Small interfering RNA (siRNA) has emerged as a crucial post‐transcriptional gene silencing tool in biomedical research and drug development [1]. Since Andrew Fire and Craig Mello elucidated the mechanism of double‐stranded RNA‐mediated gene silencing in 1998 [2], siRNA technology has been widely recognised as a revolutionary therapeutic approach with significant potential [3]. Compared to traditional drug therapies, siRNA offers several advantages, including shorter development cycles, lower costs, broad target range, and well‐defined mechanisms, enabling targeted regulation of protein targets that are insensitive to conventional small molecule drugs (Figure 1a) [1, 3]. However, despite its theoretical promise, the clinical efficacy of siRNA remains constrained by numerous biological and technical challenges, including drug delivery efficiency, targeting specificity, molecular stability, and potential off‐target effects (Figure 1b) [4, 5, 6, 7].

Principles and Challenges of Small interfering RNA (siRNA) Molecular Therapy. (a) Molecular Mechanism of siRNA Therapy. (b) Three Challenges in siRNA Drug Development.

Ensuring the efficient and precise silencing of target genes is critical in siRNA drug development, as it not only determines therapeutic efficacy but also impacts drug safety.

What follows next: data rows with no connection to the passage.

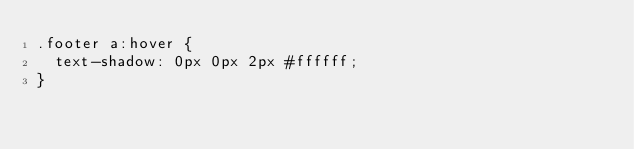Convert code to text. <code><loc_0><loc_0><loc_500><loc_500><_CSS_>.footer a:hover {
  text-shadow: 0px 0px 2px #ffffff;
}
</code> 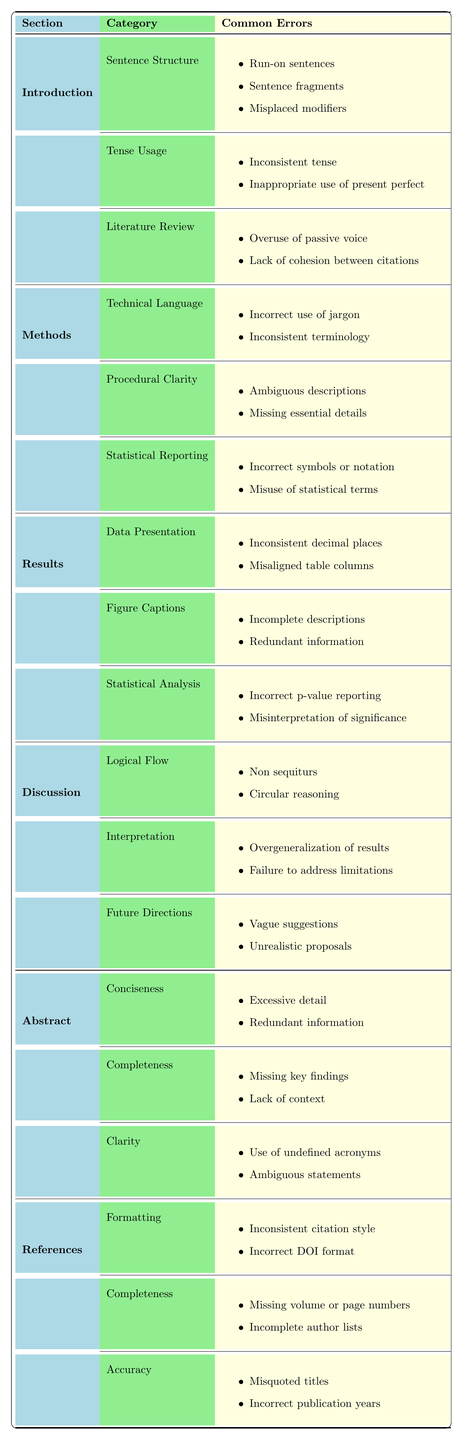What grammatical errors are commonly found in the Introduction section? The table lists common grammatical errors under the Introduction section, which include issues related to Sentence Structure, Tense Usage, and Literature Review. The specific errors under these categories are run-on sentences, sentence fragments, misplaced modifiers, inconsistent tense, inappropriate use of present perfect, overuse of passive voice, and lack of cohesion between citations.
Answer: Run-on sentences, sentence fragments, misplaced modifiers, inconsistent tense, inappropriate use of present perfect, overuse of passive voice, lack of cohesion between citations Which section of the paper has the most categories of common grammatical errors? By examining the table, the Introduction and the Methods sections both have 3 categories of common grammatical errors while others vary. Counting the categories clearly shows that these two sections are the most complex in this respect.
Answer: Introduction and Methods both have 3 categories Is "inconsistent citation style" listed as a common error? Yes, referencing the table, "inconsistent citation style" is indeed mentioned as a common error under the References section specifically in the Formatting category.
Answer: Yes How many errors are associated with the Results section? The Results section has 3 categories, each containing 2 errors. Thus, the total number of errors is 3 categories multiplied by 2 errors per category, resulting in a total of 6 errors in that section.
Answer: 6 errors What error related to Statistical Reporting is noted in the Methods section? The table indicates that errors associated with Statistical Reporting include incorrect symbols or notation and misuse of statistical terms.
Answer: Incorrect symbols or notation; misuse of statistical terms What is the most frequently mentioned type of error in the Abstract section? In the Abstract section, the most frequently mentioned type of error involves clarity-related issues with undefined acronyms and ambiguous statements noted under the Clarity category. This type of error will likely hinder comprehension, making it a focus area for editors.
Answer: Clarity-related errors Which section mentions "vague suggestions" as a common error? The section that mentions "vague suggestions" as a common error is the Discussion section, specifically under the Future Directions category. This indicates a tendency to lack specificity in proposing future research.
Answer: Discussion section If we sum the types of errors across all categories in the Introduction section, how many unique errors are identified? The Introduction section has 3 categories with a total of 7 unique errors (3 from Sentence Structure, 2 from Tense Usage, and 2 from Literature Review). Summing these gives 7 unique errors in that section.
Answer: 7 unique errors How does the overall number of errors in the Methods section compare to the Results section? The Methods section has 6 common errors spread over 3 categories, while the Results section also has 6 common errors. Therefore, the overall number of errors is equal between these two sections.
Answer: They have the same number of errors Are "incomplete descriptions" and "redundant information" both mentioned in the Results section? Yes, both "incomplete descriptions" and "redundant information" are mentioned in the Results section, specifically under the Figure Captions category, as common errors associated with how figures and tables are described.
Answer: Yes 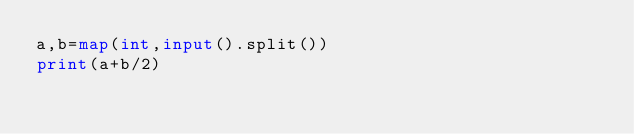Convert code to text. <code><loc_0><loc_0><loc_500><loc_500><_Python_>a,b=map(int,input().split())
print(a+b/2)</code> 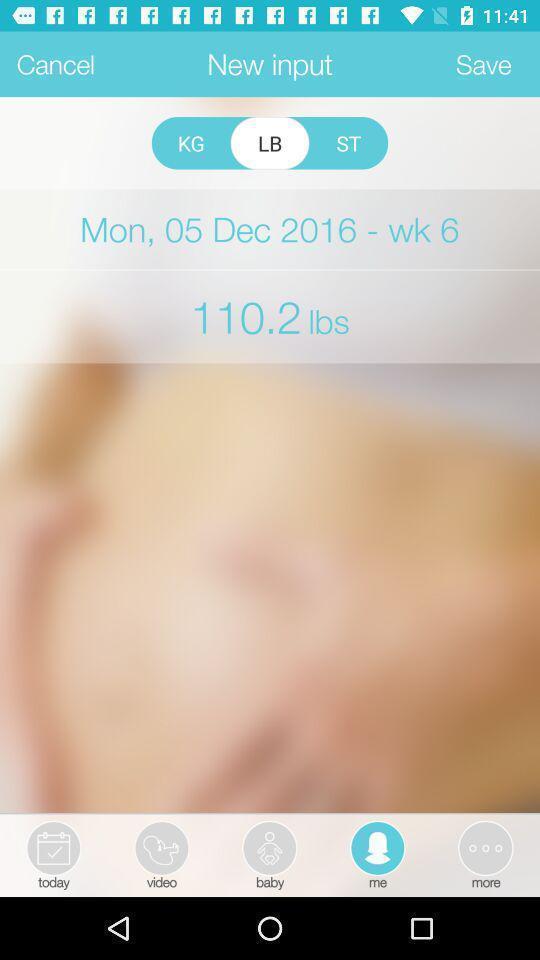Summarize the information in this screenshot. Screen shows a profiles input. 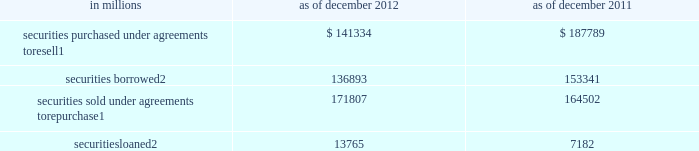Notes to consolidated financial statements note 9 .
Collateralized agreements and financings collateralized agreements are securities purchased under agreements to resell ( resale agreements or reverse repurchase agreements ) and securities borrowed .
Collateralized financings are securities sold under agreements to repurchase ( repurchase agreements ) , securities loaned and other secured financings .
The firm enters into these transactions in order to , among other things , facilitate client activities , invest excess cash , acquire securities to cover short positions and finance certain firm activities .
Collateralized agreements and financings are presented on a net-by-counterparty basis when a legal right of setoff exists .
Interest on collateralized agreements and collateralized financings is recognized over the life of the transaction and included in 201cinterest income 201d and 201cinterest expense , 201d respectively .
See note 23 for further information about interest income and interest expense .
The table below presents the carrying value of resale and repurchase agreements and securities borrowed and loaned transactions. .
In millions 2012 2011 securities purchased under agreements to resell 1 $ 141334 $ 187789 securities borrowed 2 136893 153341 securities sold under agreements to repurchase 1 171807 164502 securities loaned 2 13765 7182 1 .
Substantially all resale and repurchase agreements are carried at fair value under the fair value option .
See note 8 for further information about the valuation techniques and significant inputs used to determine fair value .
As of december 2012 and december 2011 , $ 38.40 billion and $ 47.62 billion of securities borrowed , and $ 1.56 billion and $ 107 million of securities loaned were at fair value , respectively .
Resale and repurchase agreements a resale agreement is a transaction in which the firm purchases financial instruments from a seller , typically in exchange for cash , and simultaneously enters into an agreement to resell the same or substantially the same financial instruments to the seller at a stated price plus accrued interest at a future date .
A repurchase agreement is a transaction in which the firm sells financial instruments to a buyer , typically in exchange for cash , and simultaneously enters into an agreement to repurchase the same or substantially the same financial instruments from the buyer at a stated price plus accrued interest at a future date .
The financial instruments purchased or sold in resale and repurchase agreements typically include u.s .
Government and federal agency , and investment-grade sovereign obligations .
The firm receives financial instruments purchased under resale agreements , makes delivery of financial instruments sold under repurchase agreements , monitors the market value of these financial instruments on a daily basis , and delivers or obtains additional collateral due to changes in the market value of the financial instruments , as appropriate .
For resale agreements , the firm typically requires delivery of collateral with a fair value approximately equal to the carrying value of the relevant assets in the consolidated statements of financial condition .
Even though repurchase and resale agreements involve the legal transfer of ownership of financial instruments , they are accounted for as financing arrangements because they require the financial instruments to be repurchased or resold at the maturity of the agreement .
However , 201crepos to maturity 201d are accounted for as sales .
A repo to maturity is a transaction in which the firm transfers a security under an agreement to repurchase the security where the maturity date of the repurchase agreement matches the maturity date of the underlying security .
Therefore , the firm effectively no longer has a repurchase obligation and has relinquished control over the underlying security and , accordingly , accounts for the transaction as a sale .
The firm had no repos to maturity outstanding as of december 2012 or december 2011 .
152 goldman sachs 2012 annual report .
Between december 2012 and december 2011 , what was the change in billions in the amount of securities borrowed? 
Computations: (38.40 - 47.62)
Answer: -9.22. 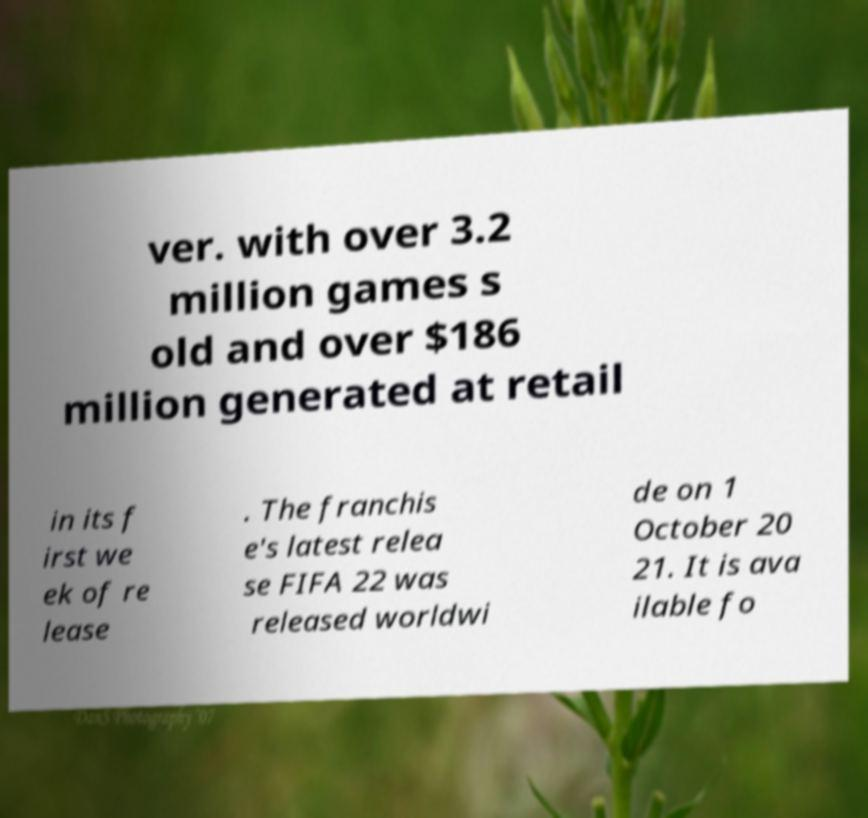There's text embedded in this image that I need extracted. Can you transcribe it verbatim? ver. with over 3.2 million games s old and over $186 million generated at retail in its f irst we ek of re lease . The franchis e's latest relea se FIFA 22 was released worldwi de on 1 October 20 21. It is ava ilable fo 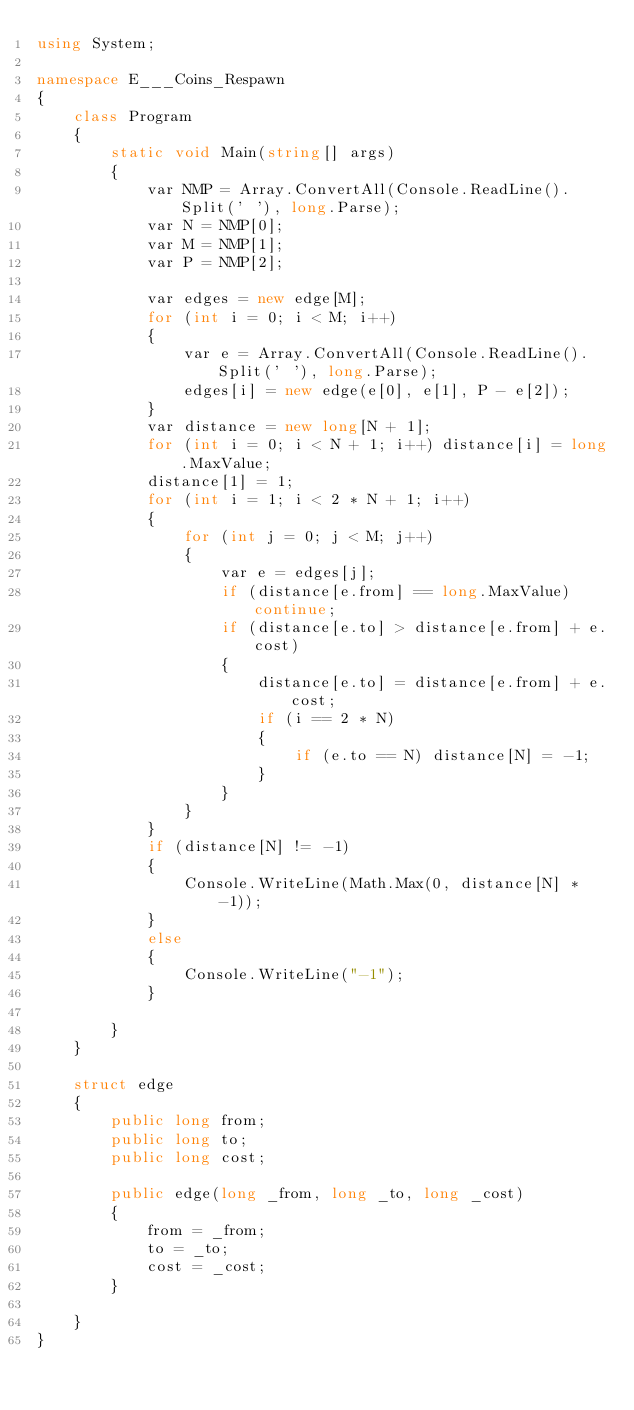Convert code to text. <code><loc_0><loc_0><loc_500><loc_500><_C#_>using System;

namespace E___Coins_Respawn
{
    class Program
    {
        static void Main(string[] args)
        {
            var NMP = Array.ConvertAll(Console.ReadLine().Split(' '), long.Parse);
            var N = NMP[0];
            var M = NMP[1];
            var P = NMP[2];

            var edges = new edge[M];
            for (int i = 0; i < M; i++)
            {
                var e = Array.ConvertAll(Console.ReadLine().Split(' '), long.Parse);
                edges[i] = new edge(e[0], e[1], P - e[2]);
            }
            var distance = new long[N + 1];
            for (int i = 0; i < N + 1; i++) distance[i] = long.MaxValue;
            distance[1] = 1;
            for (int i = 1; i < 2 * N + 1; i++)
            {
                for (int j = 0; j < M; j++)
                {
                    var e = edges[j];
                    if (distance[e.from] == long.MaxValue) continue;
                    if (distance[e.to] > distance[e.from] + e.cost)
                    {
                        distance[e.to] = distance[e.from] + e.cost;
                        if (i == 2 * N)
                        {
                            if (e.to == N) distance[N] = -1;
                        }
                    }
                }
            }
            if (distance[N] != -1)
            {
                Console.WriteLine(Math.Max(0, distance[N] * -1));
            }
            else
            {
                Console.WriteLine("-1");
            }

        }
    }

    struct edge
    {
        public long from;
        public long to;
        public long cost;

        public edge(long _from, long _to, long _cost)
        {
            from = _from;
            to = _to;
            cost = _cost;
        }

    }
}
</code>

The design and optimisation of siRNA molecules involve a complex process with numerous variables [8, 9, 10]. From selecting the appropriate target sequence to designing suitable delivery systems, each step requires meticulous control of biochemical parameters. For instance, the clinical application of first‐generation siRNA drugs is limited by inadequate delivery efficiency and potential immune activation issues [11]. Additionally, to minimise off‐target effects, ideal siRNA design must ensure high specificity for the target gene, thereby avoiding unintended interference with non‐target genes [12]. These technical challenges increase the complexity and cost of the development process, necessitating continuous innovation and technological improvements [13].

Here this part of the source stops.